Data supplied Start Marker

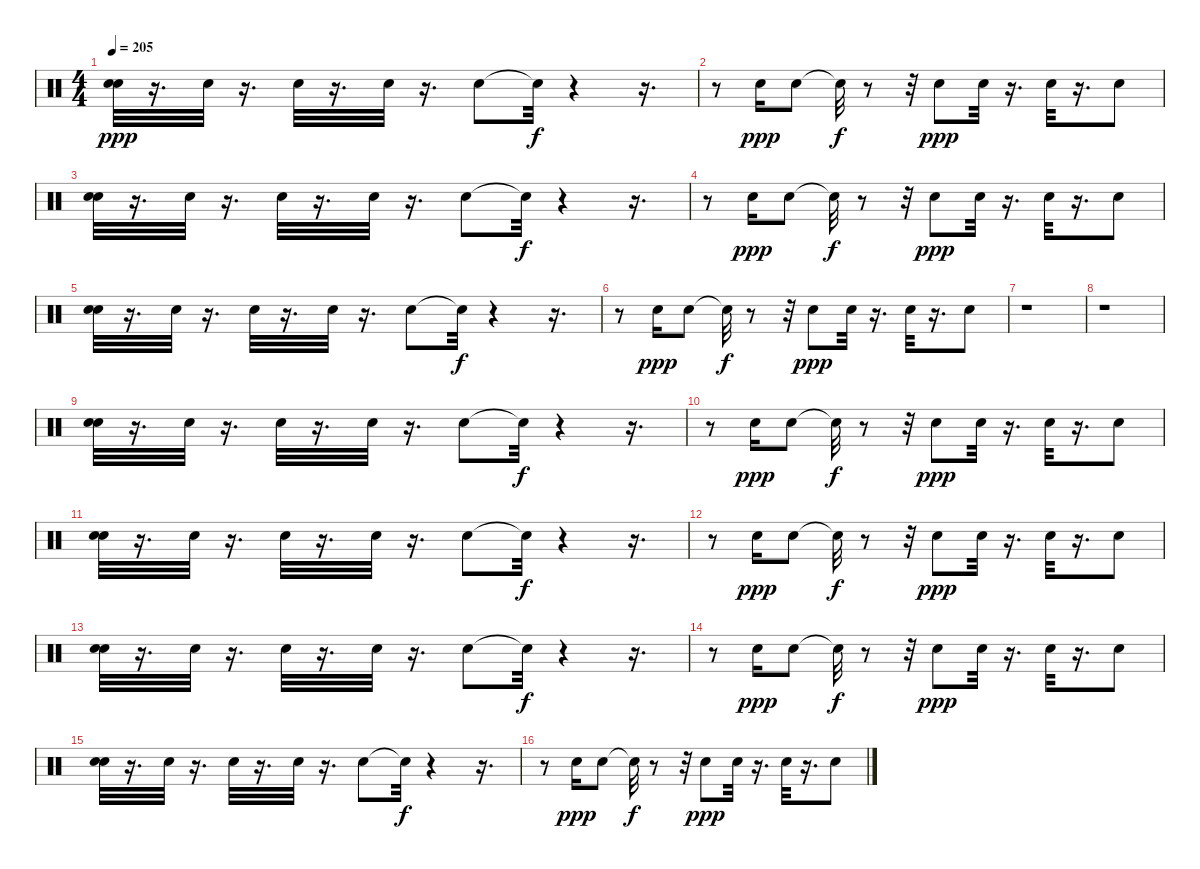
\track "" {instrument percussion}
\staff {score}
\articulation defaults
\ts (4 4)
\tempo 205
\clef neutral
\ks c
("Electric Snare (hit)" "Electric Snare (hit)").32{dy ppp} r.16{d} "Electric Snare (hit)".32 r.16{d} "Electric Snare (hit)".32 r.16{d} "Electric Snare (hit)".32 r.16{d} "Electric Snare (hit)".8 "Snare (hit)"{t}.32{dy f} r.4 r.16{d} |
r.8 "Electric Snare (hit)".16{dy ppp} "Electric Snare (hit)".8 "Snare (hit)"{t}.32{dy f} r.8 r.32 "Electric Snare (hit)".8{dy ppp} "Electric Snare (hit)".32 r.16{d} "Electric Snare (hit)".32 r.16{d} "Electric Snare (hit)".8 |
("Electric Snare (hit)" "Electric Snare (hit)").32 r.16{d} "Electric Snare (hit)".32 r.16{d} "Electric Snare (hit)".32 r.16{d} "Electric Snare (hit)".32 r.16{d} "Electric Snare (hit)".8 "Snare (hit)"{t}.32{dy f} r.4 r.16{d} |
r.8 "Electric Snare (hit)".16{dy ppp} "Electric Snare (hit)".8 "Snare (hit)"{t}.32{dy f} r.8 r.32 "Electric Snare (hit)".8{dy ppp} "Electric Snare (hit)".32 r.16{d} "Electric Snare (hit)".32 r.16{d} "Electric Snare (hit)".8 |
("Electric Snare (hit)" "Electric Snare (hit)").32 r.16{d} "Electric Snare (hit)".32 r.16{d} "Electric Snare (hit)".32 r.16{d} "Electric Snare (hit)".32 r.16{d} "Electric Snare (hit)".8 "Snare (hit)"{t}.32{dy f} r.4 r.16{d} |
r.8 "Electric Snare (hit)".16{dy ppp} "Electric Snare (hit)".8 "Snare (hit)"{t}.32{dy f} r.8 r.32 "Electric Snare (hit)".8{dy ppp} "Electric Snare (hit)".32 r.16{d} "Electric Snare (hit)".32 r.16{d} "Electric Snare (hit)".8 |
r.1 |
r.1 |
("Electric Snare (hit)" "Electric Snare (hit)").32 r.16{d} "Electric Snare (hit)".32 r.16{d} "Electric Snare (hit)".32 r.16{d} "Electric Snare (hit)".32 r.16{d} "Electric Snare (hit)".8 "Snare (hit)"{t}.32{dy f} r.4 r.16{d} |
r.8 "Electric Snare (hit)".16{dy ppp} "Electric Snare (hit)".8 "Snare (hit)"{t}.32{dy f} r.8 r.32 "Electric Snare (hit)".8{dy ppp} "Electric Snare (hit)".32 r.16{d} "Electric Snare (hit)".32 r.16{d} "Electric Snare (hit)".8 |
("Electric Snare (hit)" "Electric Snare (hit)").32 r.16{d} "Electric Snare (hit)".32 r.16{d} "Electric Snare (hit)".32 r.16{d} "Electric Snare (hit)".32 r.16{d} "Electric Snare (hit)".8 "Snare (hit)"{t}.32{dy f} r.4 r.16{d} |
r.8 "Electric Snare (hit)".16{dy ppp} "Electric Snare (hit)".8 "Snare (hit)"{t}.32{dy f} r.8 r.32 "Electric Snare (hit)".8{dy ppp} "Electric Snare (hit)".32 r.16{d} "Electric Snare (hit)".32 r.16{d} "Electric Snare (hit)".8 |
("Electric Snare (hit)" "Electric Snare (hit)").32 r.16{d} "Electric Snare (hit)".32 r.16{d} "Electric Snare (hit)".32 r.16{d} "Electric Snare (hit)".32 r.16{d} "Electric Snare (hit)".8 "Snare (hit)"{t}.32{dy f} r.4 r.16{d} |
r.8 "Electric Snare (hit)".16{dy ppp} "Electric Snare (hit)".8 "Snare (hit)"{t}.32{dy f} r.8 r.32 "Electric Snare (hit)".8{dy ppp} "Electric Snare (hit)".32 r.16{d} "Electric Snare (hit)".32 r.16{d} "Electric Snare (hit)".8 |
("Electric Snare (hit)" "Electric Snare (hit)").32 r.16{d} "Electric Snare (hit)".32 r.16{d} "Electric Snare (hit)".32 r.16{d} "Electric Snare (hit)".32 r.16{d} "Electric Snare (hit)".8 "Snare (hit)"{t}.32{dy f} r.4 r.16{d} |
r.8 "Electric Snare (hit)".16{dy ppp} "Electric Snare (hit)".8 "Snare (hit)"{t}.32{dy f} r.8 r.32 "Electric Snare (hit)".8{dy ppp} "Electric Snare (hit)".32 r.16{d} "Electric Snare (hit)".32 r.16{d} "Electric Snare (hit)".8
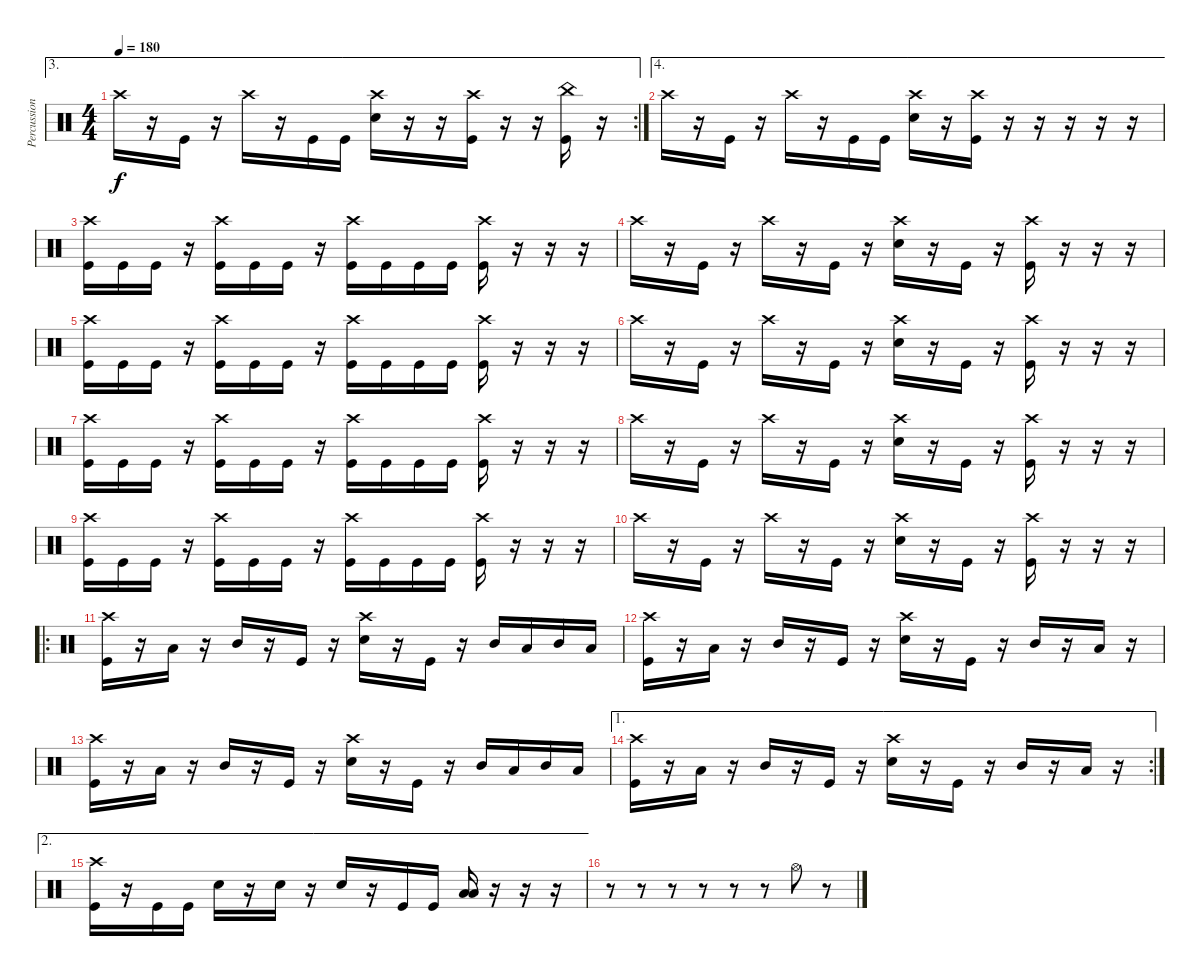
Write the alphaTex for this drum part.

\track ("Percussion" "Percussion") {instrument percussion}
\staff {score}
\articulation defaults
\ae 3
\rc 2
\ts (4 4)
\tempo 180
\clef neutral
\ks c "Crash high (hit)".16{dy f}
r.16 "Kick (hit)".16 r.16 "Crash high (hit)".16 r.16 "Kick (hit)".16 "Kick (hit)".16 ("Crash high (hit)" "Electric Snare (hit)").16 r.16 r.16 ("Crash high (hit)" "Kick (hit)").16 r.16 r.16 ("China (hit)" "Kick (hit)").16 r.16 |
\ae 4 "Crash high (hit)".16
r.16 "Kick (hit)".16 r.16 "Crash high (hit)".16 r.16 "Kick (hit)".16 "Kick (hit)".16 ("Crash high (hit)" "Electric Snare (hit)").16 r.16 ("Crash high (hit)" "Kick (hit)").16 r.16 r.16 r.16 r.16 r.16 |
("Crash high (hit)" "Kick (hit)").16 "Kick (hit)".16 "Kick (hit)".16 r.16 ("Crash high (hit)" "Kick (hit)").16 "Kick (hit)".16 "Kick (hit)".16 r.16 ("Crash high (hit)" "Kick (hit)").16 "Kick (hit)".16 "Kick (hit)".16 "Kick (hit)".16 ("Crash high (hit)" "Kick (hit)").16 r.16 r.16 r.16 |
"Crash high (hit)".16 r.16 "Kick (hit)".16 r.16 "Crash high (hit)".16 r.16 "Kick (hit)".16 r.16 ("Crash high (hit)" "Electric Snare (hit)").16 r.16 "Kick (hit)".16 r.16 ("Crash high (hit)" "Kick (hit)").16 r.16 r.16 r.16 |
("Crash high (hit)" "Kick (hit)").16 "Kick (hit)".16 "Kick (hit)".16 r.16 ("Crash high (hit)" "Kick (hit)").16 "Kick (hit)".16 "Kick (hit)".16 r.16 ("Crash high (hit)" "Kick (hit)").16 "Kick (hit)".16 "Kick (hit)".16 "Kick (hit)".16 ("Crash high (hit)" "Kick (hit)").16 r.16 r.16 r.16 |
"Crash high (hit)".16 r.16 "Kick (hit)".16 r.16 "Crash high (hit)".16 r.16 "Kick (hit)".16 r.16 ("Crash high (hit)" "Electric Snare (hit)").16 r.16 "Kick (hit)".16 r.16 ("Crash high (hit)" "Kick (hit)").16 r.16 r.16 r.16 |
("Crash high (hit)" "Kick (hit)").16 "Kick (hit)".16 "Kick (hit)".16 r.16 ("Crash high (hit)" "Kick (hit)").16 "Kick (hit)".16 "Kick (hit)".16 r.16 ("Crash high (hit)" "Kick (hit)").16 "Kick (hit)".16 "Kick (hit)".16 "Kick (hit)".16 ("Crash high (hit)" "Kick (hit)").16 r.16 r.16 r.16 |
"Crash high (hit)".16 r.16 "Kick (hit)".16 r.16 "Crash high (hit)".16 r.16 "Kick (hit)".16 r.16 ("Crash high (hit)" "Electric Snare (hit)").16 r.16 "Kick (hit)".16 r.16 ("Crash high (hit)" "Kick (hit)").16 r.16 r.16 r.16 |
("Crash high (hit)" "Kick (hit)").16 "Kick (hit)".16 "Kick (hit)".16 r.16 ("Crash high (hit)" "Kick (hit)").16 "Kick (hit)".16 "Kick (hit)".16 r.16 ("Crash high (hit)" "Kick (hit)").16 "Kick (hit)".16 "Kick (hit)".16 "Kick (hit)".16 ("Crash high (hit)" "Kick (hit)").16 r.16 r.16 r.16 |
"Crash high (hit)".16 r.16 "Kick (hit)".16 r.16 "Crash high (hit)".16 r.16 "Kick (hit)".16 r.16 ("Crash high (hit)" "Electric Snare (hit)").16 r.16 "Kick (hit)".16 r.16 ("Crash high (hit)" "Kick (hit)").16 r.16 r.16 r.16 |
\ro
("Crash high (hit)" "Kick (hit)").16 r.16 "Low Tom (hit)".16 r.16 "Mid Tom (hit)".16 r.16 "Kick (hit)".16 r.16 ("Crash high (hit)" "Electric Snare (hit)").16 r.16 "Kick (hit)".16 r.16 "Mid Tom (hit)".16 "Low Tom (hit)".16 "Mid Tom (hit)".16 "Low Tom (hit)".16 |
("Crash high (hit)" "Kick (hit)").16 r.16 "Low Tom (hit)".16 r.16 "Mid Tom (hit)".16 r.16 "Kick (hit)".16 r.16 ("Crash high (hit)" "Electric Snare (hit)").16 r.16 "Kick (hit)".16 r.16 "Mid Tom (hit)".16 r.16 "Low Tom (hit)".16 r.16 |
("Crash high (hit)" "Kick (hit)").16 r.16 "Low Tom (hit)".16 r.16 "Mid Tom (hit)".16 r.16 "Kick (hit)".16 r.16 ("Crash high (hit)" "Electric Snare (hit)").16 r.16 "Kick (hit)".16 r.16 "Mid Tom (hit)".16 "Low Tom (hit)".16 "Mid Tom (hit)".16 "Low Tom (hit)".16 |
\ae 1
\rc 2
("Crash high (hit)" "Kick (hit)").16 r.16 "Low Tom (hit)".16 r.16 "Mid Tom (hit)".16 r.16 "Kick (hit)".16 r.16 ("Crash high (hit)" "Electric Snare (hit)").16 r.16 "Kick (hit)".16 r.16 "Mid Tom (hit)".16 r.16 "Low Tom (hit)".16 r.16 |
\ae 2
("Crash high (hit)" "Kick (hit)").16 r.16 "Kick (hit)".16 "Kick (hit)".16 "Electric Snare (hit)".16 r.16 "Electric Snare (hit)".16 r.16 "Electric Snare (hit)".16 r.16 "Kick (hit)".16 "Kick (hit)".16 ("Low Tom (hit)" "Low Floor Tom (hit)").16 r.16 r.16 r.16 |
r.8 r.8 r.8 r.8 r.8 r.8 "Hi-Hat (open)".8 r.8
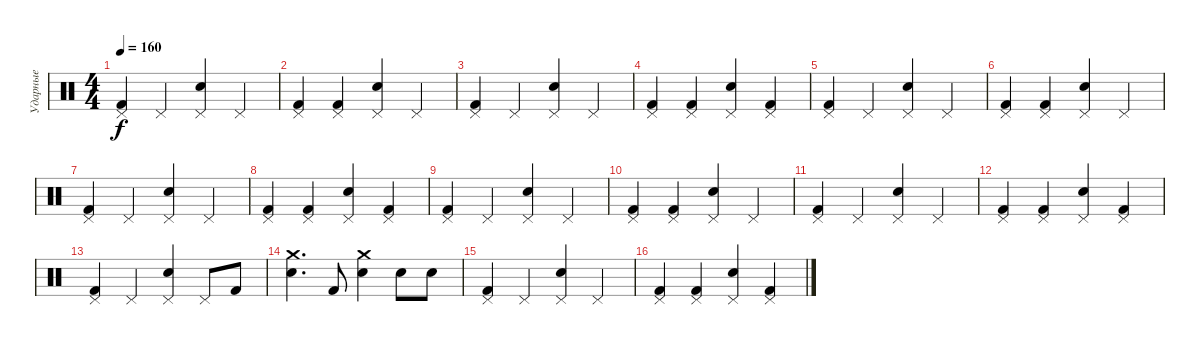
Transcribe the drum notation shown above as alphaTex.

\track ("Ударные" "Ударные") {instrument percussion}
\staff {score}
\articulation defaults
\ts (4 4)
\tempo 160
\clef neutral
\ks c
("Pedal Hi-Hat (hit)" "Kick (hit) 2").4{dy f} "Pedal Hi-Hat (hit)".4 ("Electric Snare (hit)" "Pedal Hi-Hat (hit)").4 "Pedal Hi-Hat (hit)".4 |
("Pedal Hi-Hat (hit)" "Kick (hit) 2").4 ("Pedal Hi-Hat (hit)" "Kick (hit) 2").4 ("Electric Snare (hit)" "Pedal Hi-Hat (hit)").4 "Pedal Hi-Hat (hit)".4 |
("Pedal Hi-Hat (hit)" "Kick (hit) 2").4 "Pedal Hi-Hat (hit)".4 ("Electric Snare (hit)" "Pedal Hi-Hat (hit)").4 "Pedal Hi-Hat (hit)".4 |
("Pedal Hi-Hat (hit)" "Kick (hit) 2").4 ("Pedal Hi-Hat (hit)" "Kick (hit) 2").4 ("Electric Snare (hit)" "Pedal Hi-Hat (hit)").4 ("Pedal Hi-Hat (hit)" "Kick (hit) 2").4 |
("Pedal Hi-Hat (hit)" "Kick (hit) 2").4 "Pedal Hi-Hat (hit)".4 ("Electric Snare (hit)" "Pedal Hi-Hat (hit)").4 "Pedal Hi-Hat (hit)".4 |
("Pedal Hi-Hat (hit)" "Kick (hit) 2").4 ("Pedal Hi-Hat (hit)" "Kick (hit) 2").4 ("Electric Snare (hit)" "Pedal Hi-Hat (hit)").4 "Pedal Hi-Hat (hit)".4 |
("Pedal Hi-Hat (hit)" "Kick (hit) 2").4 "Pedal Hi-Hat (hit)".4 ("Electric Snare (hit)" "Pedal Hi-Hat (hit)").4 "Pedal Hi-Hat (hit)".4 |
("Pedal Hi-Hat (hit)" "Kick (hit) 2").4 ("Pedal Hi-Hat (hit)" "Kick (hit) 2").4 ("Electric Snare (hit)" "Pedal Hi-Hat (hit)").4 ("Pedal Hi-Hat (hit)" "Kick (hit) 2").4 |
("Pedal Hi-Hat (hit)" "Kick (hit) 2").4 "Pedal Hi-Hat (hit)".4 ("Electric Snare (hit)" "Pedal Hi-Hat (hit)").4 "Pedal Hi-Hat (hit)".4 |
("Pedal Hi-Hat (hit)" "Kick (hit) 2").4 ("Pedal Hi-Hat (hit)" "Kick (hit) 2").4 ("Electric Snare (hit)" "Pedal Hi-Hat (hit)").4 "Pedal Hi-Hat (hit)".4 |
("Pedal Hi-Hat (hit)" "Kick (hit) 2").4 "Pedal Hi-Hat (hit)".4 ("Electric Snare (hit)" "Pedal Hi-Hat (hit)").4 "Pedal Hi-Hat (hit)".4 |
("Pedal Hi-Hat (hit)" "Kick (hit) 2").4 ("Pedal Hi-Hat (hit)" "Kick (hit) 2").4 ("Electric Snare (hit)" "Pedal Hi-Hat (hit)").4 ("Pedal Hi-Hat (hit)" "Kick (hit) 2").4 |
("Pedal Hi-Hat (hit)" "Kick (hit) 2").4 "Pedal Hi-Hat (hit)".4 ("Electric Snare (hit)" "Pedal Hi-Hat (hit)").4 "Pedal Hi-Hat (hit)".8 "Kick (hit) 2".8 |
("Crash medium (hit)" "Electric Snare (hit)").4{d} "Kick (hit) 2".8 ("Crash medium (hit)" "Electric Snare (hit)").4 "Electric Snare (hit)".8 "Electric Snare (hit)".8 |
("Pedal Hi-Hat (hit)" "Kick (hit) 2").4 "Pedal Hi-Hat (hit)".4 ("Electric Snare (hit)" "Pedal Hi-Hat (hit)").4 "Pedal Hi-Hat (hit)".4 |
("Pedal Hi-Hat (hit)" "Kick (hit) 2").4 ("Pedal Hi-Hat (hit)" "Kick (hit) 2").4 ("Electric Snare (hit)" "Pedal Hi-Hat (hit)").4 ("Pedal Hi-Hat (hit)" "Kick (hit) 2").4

Data supplied End Marker

In the lines above, find each one with "track" and list it.

\track "" {instrument percussion}
\track ("Percussion" "Percussion") {instrument percussion}
\track ("Ударные" "Ударные") {instrument percussion}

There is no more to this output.